OSError: image file is truncated (28 bytes not processed) during learning

Thank you @ptrblck for yor reply,

I wrote custom Dataset. Here is a code:

class DatasetLoader(Dataset):

    def __init__(self, X, y, input_transform=None, label_transform=None):

        self.data = X
        self.labels = y
        self.input_transform = input_transform
        self.label_transform = label_transform

    @staticmethod
    def load_dataset(data_dir: str):
        logger.debug(f"load_dataset: Loading dataset from {data_dir}")

        inputs_dir = f'{data_dir}/inputs'
        labels_dir = f'{data_dir}/labels'

        inputs = []
        for image_path in tqdm(glob.glob(inputs_dir + '/*')):
            image = Image.open(image_path)
            inputs.append(image)

        labels = []
        for image_path in tqdm(glob.glob(labels_dir + '/*')):
            label = Image.open(image_path).convert('L')
            labels.append(label)

        return inputs, labels

    def __len__(self):
        return len(self.data)

    def __getitem__(self, idx):
        data = self.data[idx]
        if self.input_transform is not None:
            data = self.input_transform(data)

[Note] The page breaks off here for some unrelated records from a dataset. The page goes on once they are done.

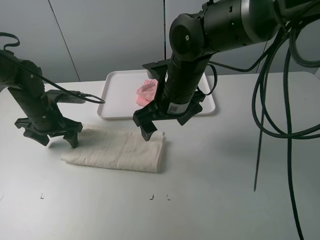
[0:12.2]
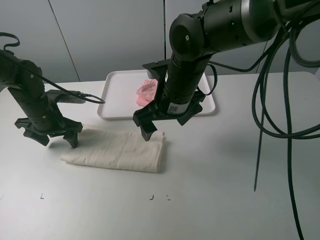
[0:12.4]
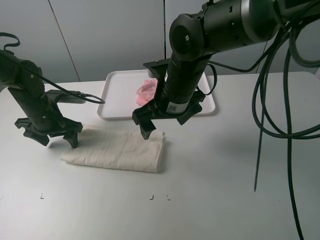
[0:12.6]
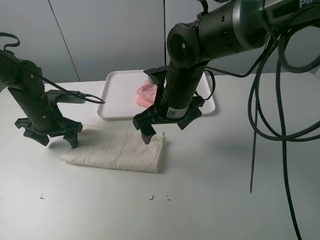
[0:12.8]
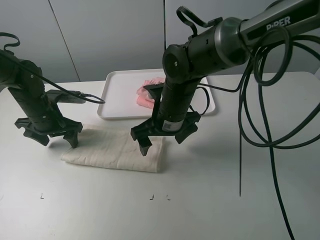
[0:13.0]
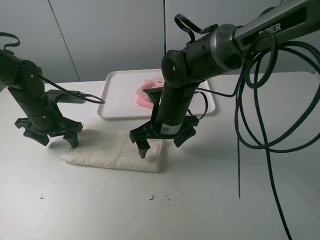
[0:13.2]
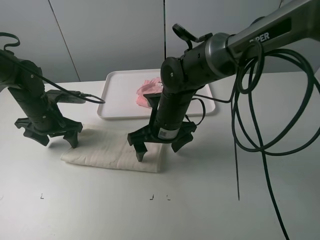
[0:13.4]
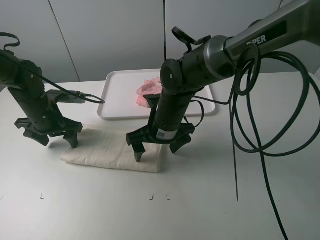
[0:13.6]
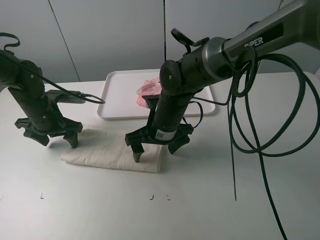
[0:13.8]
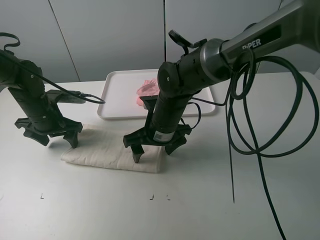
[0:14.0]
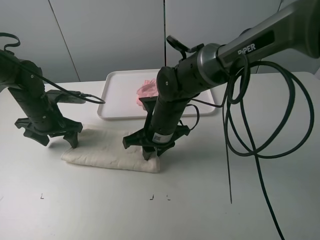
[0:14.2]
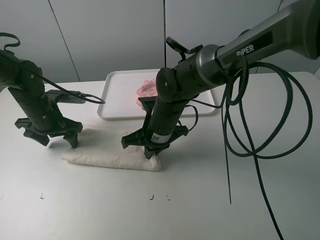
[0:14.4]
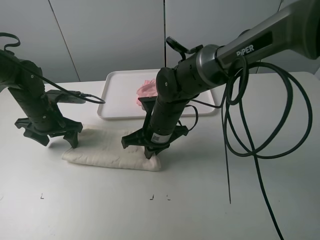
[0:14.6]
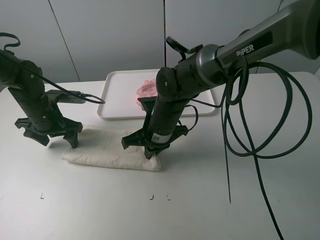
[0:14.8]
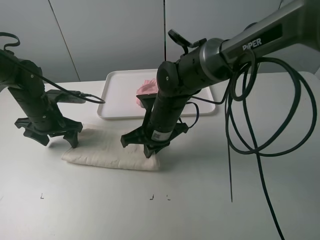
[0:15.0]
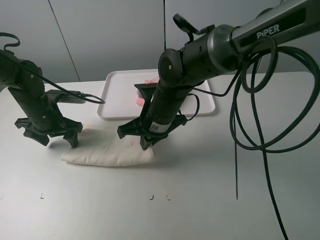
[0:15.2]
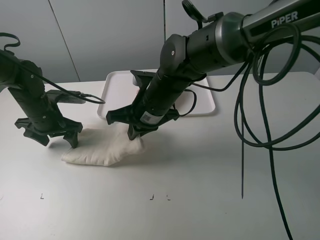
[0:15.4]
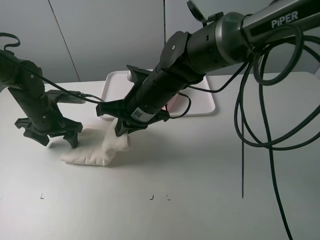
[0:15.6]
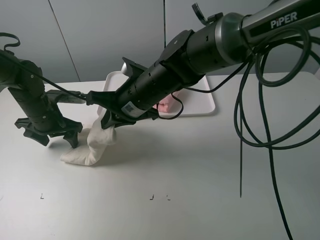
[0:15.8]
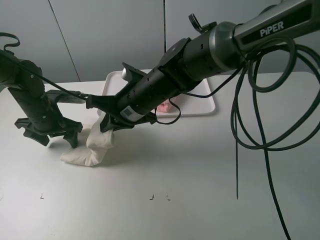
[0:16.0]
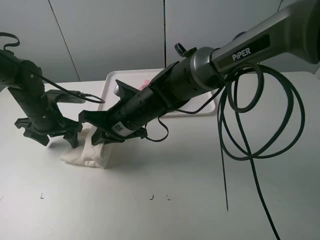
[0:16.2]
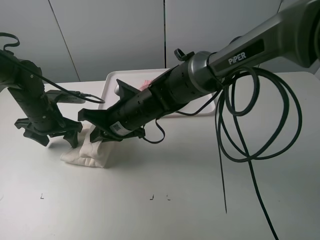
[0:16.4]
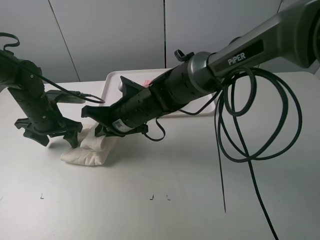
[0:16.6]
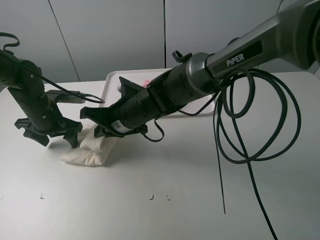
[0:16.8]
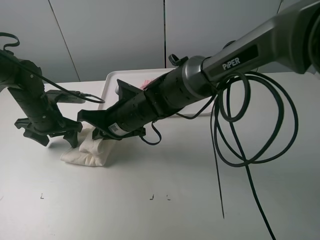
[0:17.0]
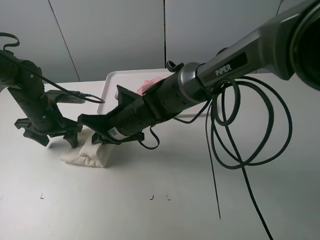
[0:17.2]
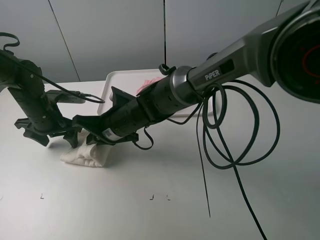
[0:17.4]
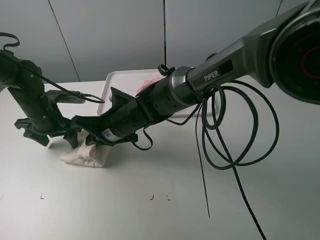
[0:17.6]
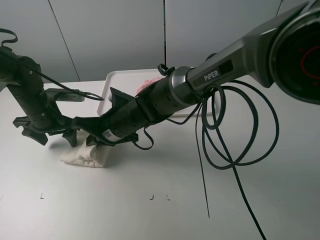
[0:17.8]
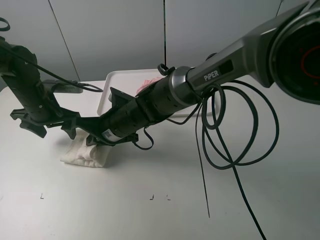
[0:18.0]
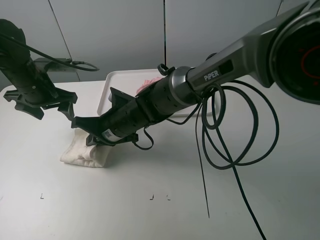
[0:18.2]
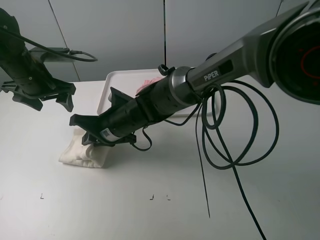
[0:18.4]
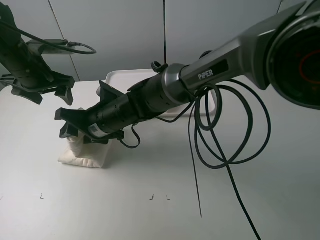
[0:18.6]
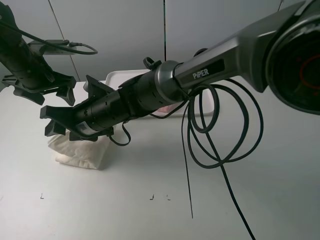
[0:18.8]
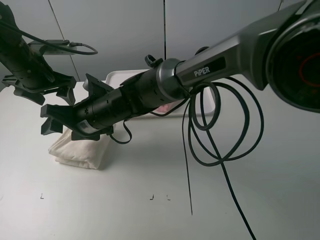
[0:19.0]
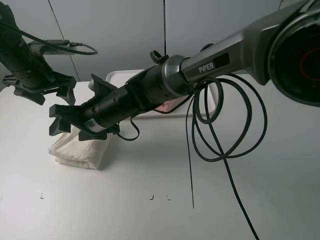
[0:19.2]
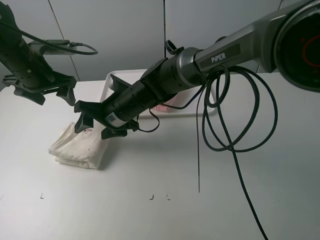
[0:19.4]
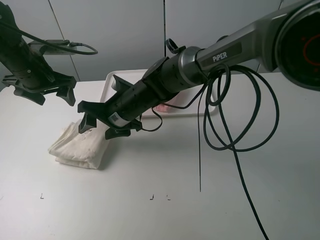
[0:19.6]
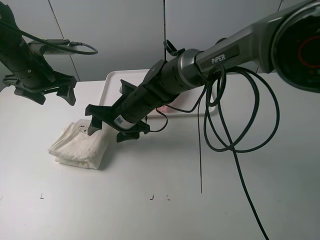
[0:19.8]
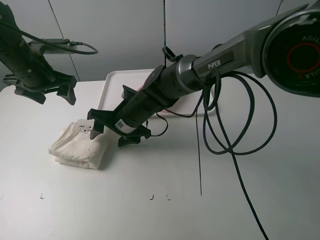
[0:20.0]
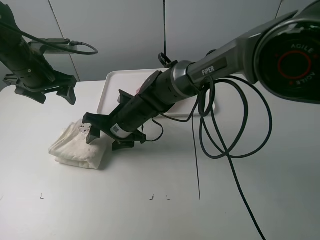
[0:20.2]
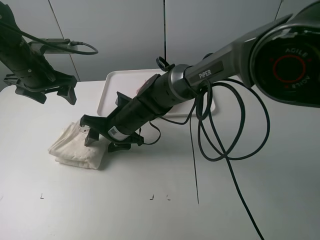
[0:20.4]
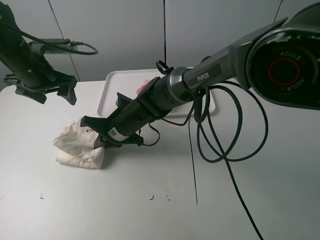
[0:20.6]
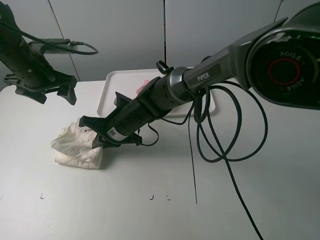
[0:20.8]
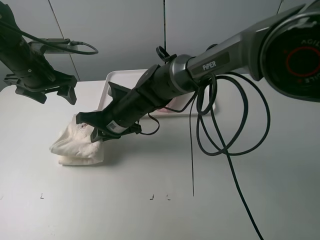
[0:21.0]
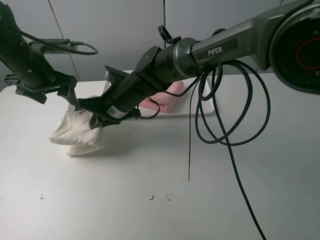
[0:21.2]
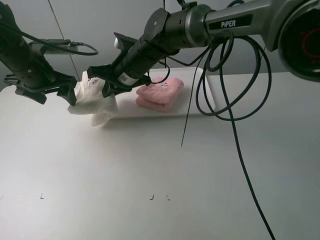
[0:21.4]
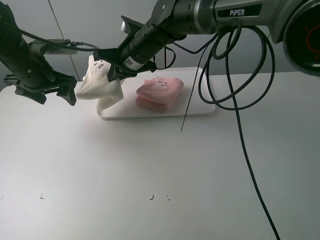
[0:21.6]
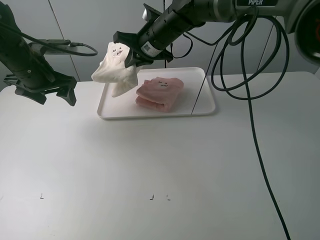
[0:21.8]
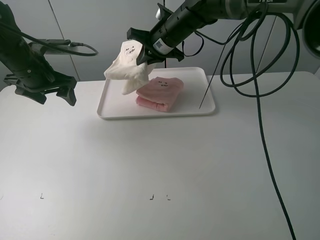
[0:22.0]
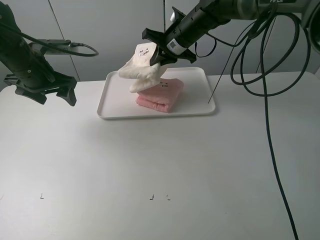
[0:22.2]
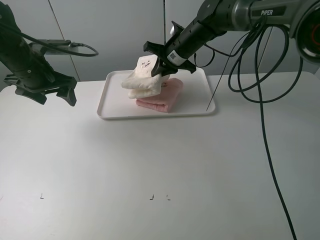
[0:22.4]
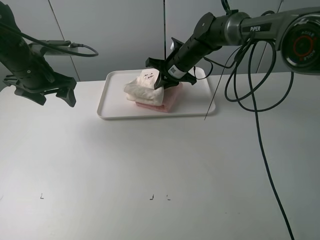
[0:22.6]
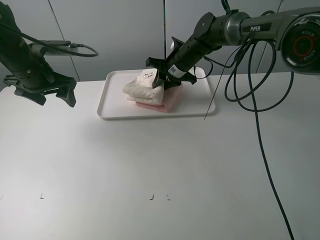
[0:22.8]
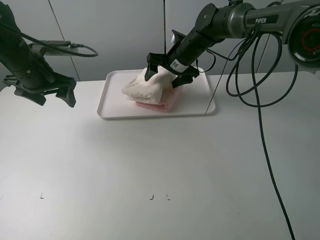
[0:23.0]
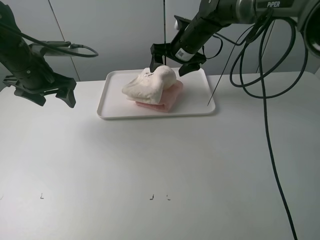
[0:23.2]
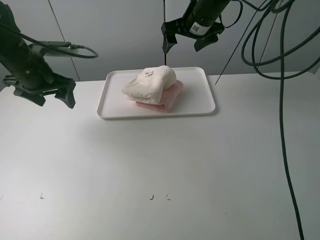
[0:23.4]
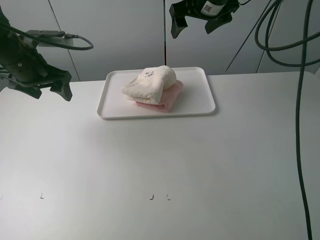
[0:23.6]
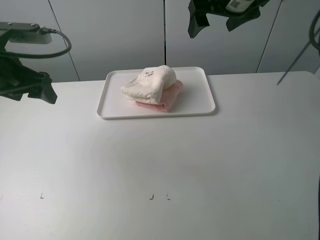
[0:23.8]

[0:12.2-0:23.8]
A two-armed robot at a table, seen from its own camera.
Task of the whole recording: fold one of the towels by two grippers and place it on the tray,then fold another towel by two grippers and place it on the folded towel.
Step, 0:12.6 to 0:14.4: Grasp the white towel with the right gripper.
Step, 0:14.6 to 0:19.0: Fold the white towel from right to left with right gripper.
Step, 0:19.2 to 0:20.8: Grasp the white towel with the right gripper.
Step, 0:21.0 to 0:23.2: Place the white towel on the pink towel with the right gripper.
0:12.2 to 0:13.6: The right gripper goes some 10 cm downward.
0:13.6 to 0:15.0: The right gripper closes up.
0:15.0 to 0:16.6: The right gripper is displaced to the left by roughly 5 cm.
0:18.0 to 0:19.4: The right gripper opens its fingers; the left gripper moves upward, about 5 cm.
0:19.4 to 0:21.0: The right gripper closes.
0:21.0 to 0:22.4: The right gripper shifts some 20 cm forward and to the right.
0:22.4 to 0:23.8: The right gripper travels upward, backward and to the right by roughly 20 cm, and opens its fingers; the left gripper goes approximately 10 cm backward.

        label = self.labels[idx]
        if self.label_transform is not None:
            label = self.label_transform(label)
        return data, label

Also i zipped dataset folder, moved to dedicated server via scp and check sha256sum. Everything was good.

Thanks for the code!
You could add a try ... expect block around the loop where Image.open is called and see, which image makes problems.
Maybe you are using different PIL versions, such that this issue was fixed on your local machine?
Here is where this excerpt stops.